11. Micronova by Michael Mischler and Nik Thoenen
Designed by Aldo Novarese in 1962, Eurostile occupies a particular place in the typographic imagination thanks to its super-elliptical letterforms, technological optimism, and a design that felt genuinely futuristic at the time. Micronova, from Zurich’s Binnenland Typefaces, builds on that lineage with a rigour and systematic intelligence that honours the source without simply repeating it.
Three carefully tuned variable axes (weight, width, and x-height) are designed for precise control rather than exaggerated variation. The width axis runs from Narrow (60) to Extended (120); the x-height can be reduced from its default of 500 to 470, available as an OpenType feature or via the variable slider.
Sixteen static styles across eight weights with corresponding italics, plus three widths and twelve stylistic sets, complete a system that Mischler and Thoenen describe as offering a fresh perspective on progressive modernist principles.
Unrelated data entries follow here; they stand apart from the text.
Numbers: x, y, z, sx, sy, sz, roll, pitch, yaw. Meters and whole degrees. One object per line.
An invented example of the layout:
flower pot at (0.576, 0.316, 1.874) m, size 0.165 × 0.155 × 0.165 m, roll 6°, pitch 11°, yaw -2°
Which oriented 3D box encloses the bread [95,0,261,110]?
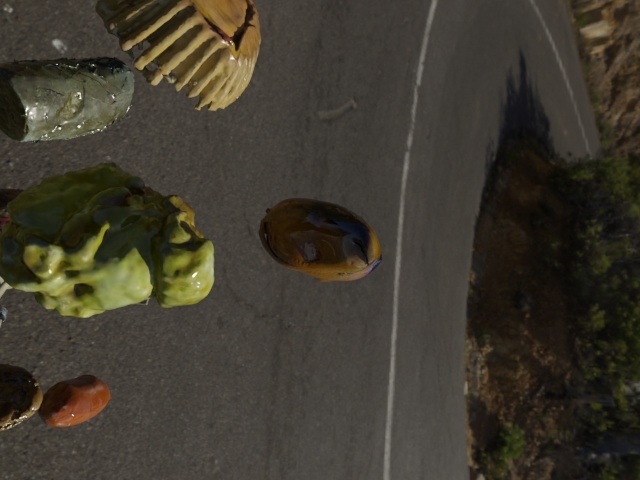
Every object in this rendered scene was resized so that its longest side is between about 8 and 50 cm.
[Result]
bread at (-0.191, -0.327, 0.757) m, size 0.274 × 0.149 × 0.274 m, roll 47°, pitch 28°, yaw -35°

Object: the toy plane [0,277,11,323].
toy plane at (-0.577, 0.126, 0.857) m, size 0.108 × 0.286 × 0.092 m, roll 33°, pitch 32°, yaw -38°

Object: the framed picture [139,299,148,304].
framed picture at (-0.510, 0.070, 1.365) m, size 0.015 × 0.150 × 0.203 m, roll 86°, pitch 12°, yaw -63°

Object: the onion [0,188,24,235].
onion at (-0.732, -0.006, 1.220) m, size 0.246 × 0.190 × 0.246 m, roll -3°, pitch 90°, yaw -79°

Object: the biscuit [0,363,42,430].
biscuit at (-0.776, 0.361, 1.189) m, size 0.226 × 0.226 × 0.042 m, roll -23°, pitch 138°, yaw -58°

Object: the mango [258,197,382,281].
mango at (0.000, 0.000, 1.157) m, size 0.152 × 0.287 × 0.201 m, roll -48°, pitch 159°, yaw -62°

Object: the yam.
yam at (-0.328, -0.178, 0.636) m, size 0.183 × 0.107 × 0.107 m, roll -41°, pitch 118°, yaw -61°

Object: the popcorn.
popcorn at (-0.304, -0.008, 0.749) m, size 0.174 × 0.286 × 0.225 m, roll 108°, pitch -23°, yaw -49°

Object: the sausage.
sausage at (-0.720, 0.476, 1.501) m, size 0.258 × 0.133 × 0.133 m, roll 36°, pitch 49°, yaw -82°

It is now also the corporate typeface of Binnenland itself.
12. Oratorio by Alex Chavot
What happens when a Jugendstil tenor meets a 1970s American funk band in a phototypesetting studio? Oratorio, apparently. Alex Chavot’s latest release for Apex Type Foundry — launched alongside a comprehensively rebuilt foundry website — takes Halbfette Cantate, a display face released around 1910 by H. Berthold AG and designed by Johann Graf, as its starting point, then runs it through the filter of Ed Benguiat’s flamboyant 1970s classics.
The result is sweeping swashes, lyrical terminals, high contrast, and an unapologetically theatrical personality that Chavot describes, accurately, as ornamental excess meeting typographic swagger, with just enough restraint to keep it printable.
Single-weight display faces are increasingly rare in an era of variable families. But Oratorio makes a compelling case for a single weight, applied to the utmost expressiveness. Four sets of initial capital forms, numerous alternates, and robust OpenType features provide a wide enough range of expressive options to sustain genuine variety in use.
13. Milgram by Max Phillips
Max Phillips of Signal Type Foundry has a gift for describing typefaces, and his account of Milgram is direct. They’d always wanted to add a humanist sans to the library, and always wanted to add a rounded sans. So they decided to save time by making them the same typeface and seeing what happened. What happened was a wave of nostalgia for Frankfurter, VAG Rundschrift, and an all-caps dry-transfer face called Formula One that nobody else seems to remember.
The result is a family of 12 styles in which the lightest weights have a slightly technical air, as if engraved on a glass beaker, whilst the Black weight is (Phillips’ words) “zaftig, and maybe a bit Bootsy Collins”. Very open counters and low contrast make for excellent readability across the weight range, and support for 140-odd languages, including Vietnamese, is impressive.